#### [EXERCISE INSTRUCTIONS]
Within the entries below, find the portion that opens with the line containing "text The help system" and closes with the line containing "text The file". Retype that portion exactly and only.

---------- EXTRACTED DATA ----------

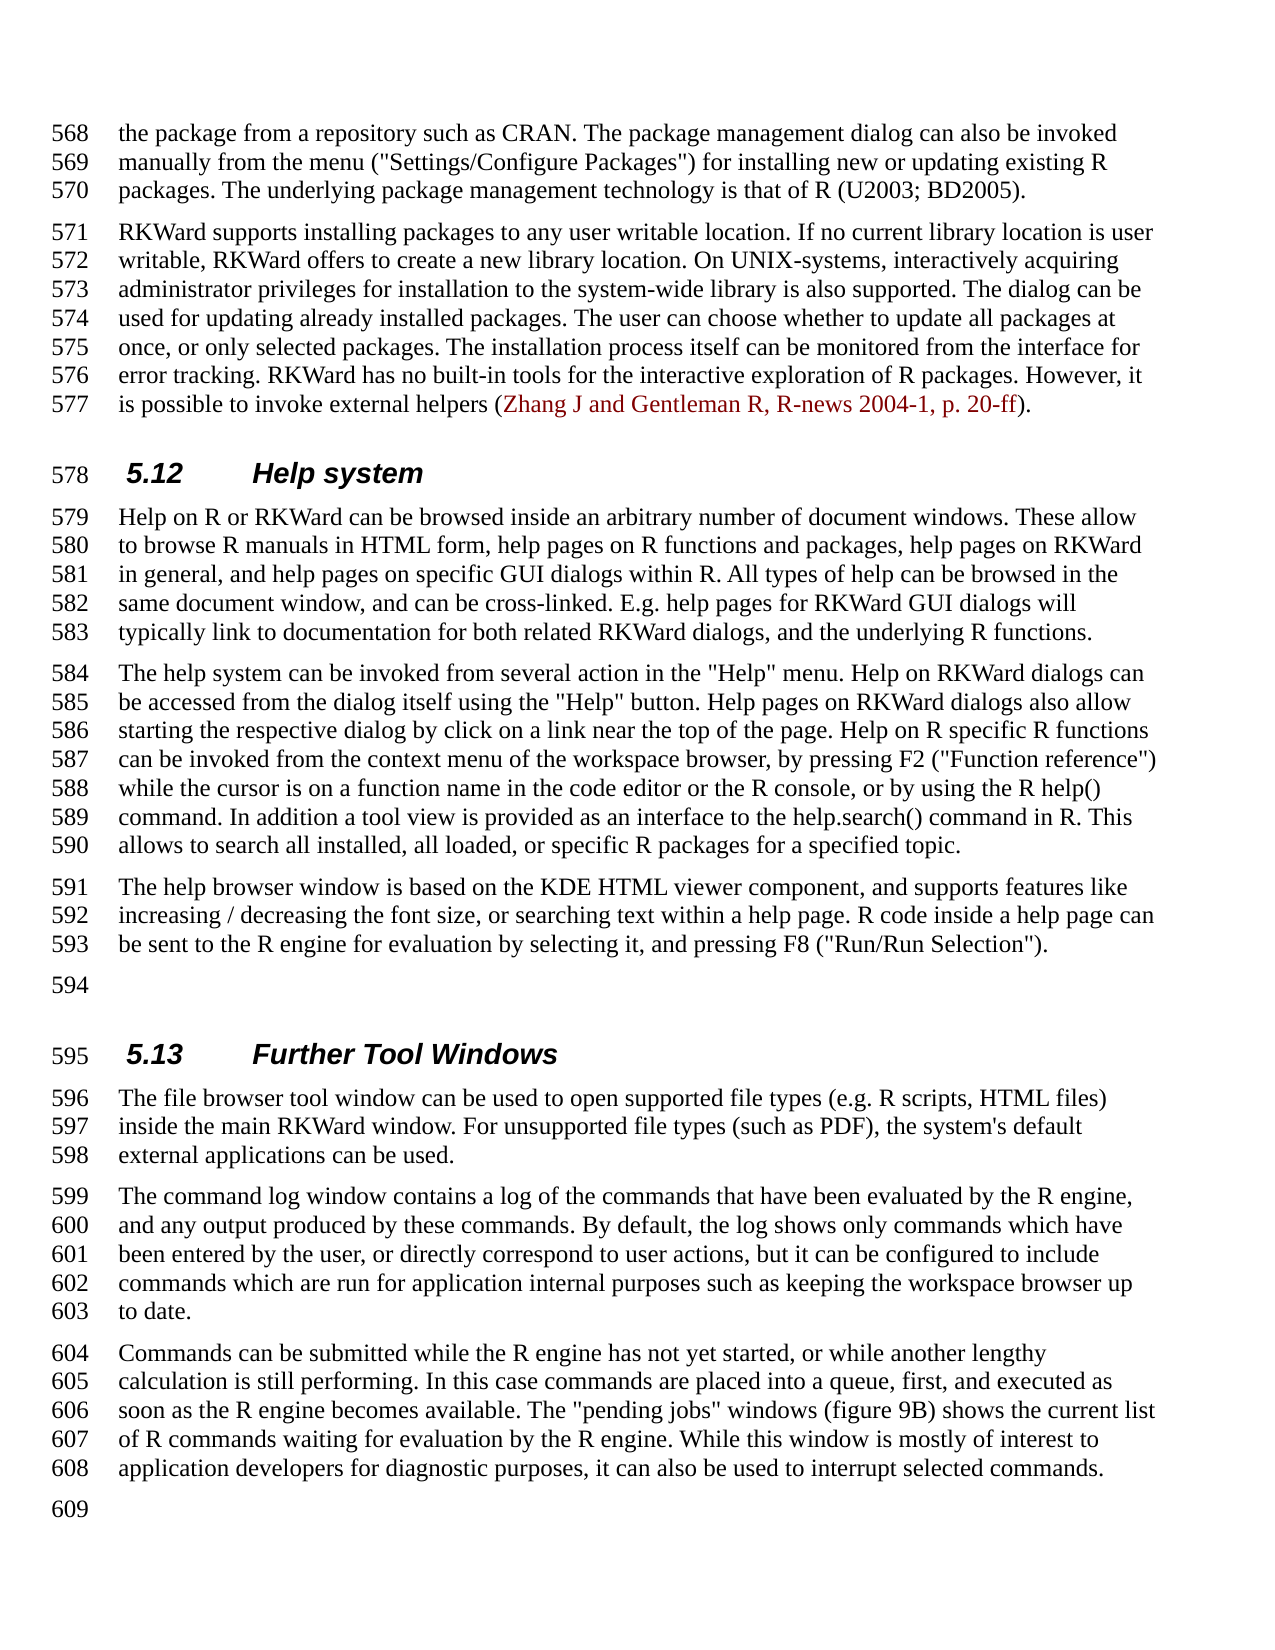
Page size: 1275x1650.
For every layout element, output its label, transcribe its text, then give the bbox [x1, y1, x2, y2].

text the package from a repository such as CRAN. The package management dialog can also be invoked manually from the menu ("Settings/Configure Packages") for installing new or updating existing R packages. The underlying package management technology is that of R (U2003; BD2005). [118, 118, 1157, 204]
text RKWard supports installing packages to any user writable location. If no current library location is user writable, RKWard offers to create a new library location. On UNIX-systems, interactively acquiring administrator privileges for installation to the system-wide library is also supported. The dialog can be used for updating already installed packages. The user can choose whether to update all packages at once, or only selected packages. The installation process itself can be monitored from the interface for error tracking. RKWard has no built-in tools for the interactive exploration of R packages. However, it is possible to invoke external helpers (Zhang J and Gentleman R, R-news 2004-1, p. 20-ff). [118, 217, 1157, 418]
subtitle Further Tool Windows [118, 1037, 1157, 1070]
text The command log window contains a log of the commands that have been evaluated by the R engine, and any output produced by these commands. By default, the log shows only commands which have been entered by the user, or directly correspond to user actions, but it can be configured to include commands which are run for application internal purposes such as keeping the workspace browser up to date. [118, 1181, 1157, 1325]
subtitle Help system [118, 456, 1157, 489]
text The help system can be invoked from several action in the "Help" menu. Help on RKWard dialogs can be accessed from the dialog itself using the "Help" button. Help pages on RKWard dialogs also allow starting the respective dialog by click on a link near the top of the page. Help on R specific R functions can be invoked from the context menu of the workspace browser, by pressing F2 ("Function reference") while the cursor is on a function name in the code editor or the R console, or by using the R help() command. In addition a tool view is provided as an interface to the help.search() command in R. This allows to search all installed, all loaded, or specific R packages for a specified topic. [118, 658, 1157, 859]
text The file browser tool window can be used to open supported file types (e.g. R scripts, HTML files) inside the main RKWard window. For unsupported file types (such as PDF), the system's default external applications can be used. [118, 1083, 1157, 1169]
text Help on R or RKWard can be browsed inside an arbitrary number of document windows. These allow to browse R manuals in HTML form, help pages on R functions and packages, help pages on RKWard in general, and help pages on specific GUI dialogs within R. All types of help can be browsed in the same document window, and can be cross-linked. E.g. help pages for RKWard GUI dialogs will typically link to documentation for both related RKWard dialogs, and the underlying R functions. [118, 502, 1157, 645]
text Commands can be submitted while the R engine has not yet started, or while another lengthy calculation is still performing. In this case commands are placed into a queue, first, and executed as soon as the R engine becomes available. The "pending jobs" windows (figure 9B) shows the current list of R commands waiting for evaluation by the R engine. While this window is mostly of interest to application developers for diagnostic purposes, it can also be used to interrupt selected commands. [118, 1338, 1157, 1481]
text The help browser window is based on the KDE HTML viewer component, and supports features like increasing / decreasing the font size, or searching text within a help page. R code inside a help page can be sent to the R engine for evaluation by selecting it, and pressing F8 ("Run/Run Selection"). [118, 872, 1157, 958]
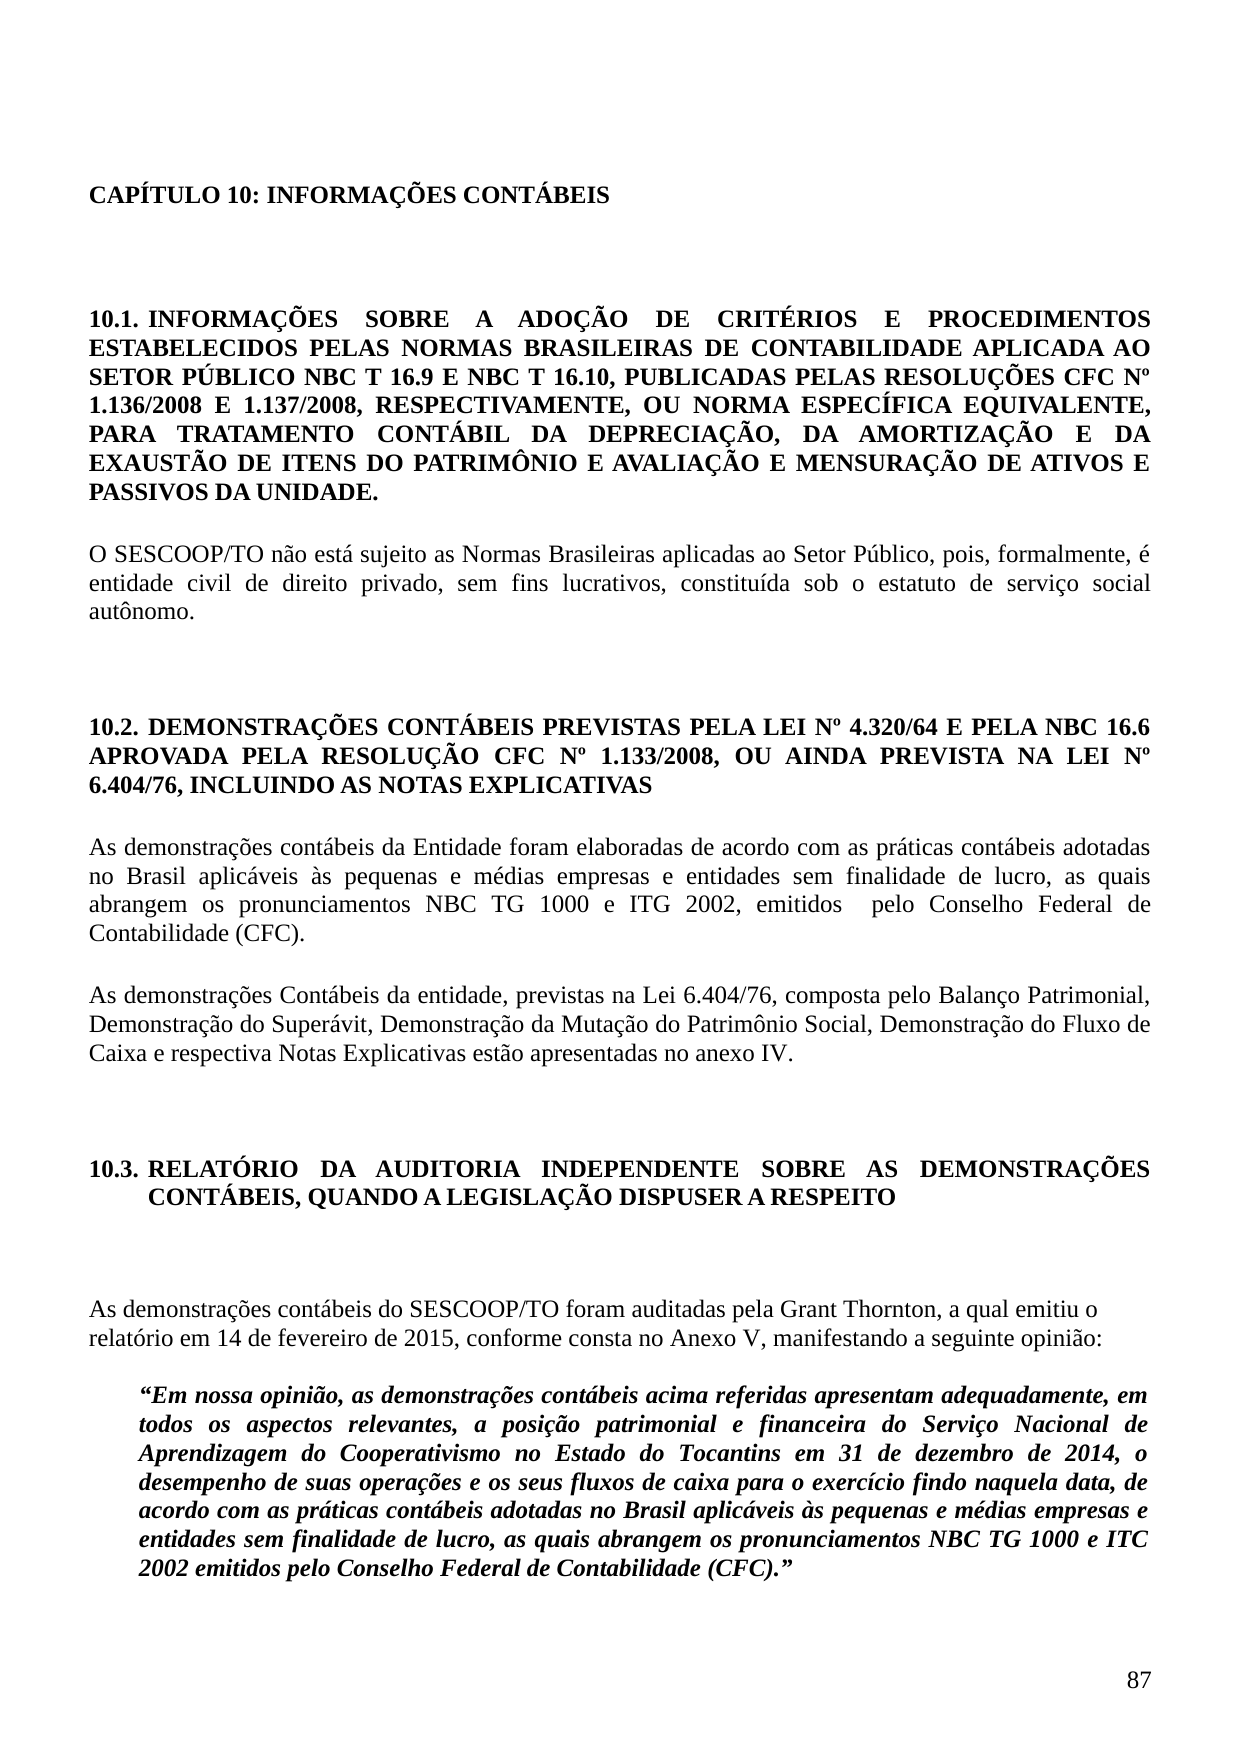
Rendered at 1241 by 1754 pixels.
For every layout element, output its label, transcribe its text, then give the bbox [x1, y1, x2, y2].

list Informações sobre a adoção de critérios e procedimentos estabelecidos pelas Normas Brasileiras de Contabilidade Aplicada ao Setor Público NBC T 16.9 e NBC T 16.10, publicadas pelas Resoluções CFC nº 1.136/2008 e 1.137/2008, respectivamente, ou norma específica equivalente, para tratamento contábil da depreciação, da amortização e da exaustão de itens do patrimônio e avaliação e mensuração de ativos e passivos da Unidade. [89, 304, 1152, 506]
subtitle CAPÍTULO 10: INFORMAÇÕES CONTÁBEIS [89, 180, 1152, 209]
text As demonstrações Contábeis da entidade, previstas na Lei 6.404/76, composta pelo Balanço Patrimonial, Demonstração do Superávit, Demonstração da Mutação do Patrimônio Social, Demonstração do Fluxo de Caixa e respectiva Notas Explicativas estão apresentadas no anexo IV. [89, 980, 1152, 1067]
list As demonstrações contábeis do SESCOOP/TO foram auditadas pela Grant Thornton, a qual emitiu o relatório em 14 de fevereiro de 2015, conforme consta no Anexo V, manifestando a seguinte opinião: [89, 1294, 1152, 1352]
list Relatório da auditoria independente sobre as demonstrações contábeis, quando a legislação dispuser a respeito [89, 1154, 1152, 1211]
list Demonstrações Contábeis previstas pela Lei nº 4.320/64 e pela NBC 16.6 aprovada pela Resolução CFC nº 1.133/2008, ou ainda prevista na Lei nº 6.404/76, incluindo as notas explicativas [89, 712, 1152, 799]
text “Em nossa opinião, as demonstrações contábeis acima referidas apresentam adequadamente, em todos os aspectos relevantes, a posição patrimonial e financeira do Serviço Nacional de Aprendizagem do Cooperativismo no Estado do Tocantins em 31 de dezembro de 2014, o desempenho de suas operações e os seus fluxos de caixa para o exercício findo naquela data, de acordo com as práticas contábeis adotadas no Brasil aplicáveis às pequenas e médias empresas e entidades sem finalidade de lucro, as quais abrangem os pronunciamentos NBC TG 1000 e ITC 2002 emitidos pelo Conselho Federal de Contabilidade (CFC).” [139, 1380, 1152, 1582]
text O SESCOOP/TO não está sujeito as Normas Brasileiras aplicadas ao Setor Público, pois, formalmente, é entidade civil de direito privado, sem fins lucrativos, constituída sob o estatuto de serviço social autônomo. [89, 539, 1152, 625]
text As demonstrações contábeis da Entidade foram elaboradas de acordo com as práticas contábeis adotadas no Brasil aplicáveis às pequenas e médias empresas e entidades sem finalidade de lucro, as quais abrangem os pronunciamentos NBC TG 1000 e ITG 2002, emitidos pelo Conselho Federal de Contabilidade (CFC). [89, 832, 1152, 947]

----------

#### [EXPECTED ANSWER]
text The help system can be invoked from several action in the "Help" menu. Help on RKWard dialogs can be accessed from the dialog itself using the "Help" button. Help pages on RKWard dialogs also allow starting the respective dialog by click on a link near the top of the page. Help on R specific R functions can be invoked from the context menu of the workspace browser, by pressing F2 ("Function reference") while the cursor is on a function name in the code editor or the R console, or by using the R help() command. In addition a tool view is provided as an interface to the help.search() command in R. This allows to search all installed, all loaded, or specific R packages for a specified topic. [118, 658, 1157, 859]
text The file browser tool window can be used to open supported file types (e.g. R scripts, HTML files) inside the main RKWard window. For unsupported file types (such as PDF), the system's default external applications can be used. [118, 1083, 1157, 1169]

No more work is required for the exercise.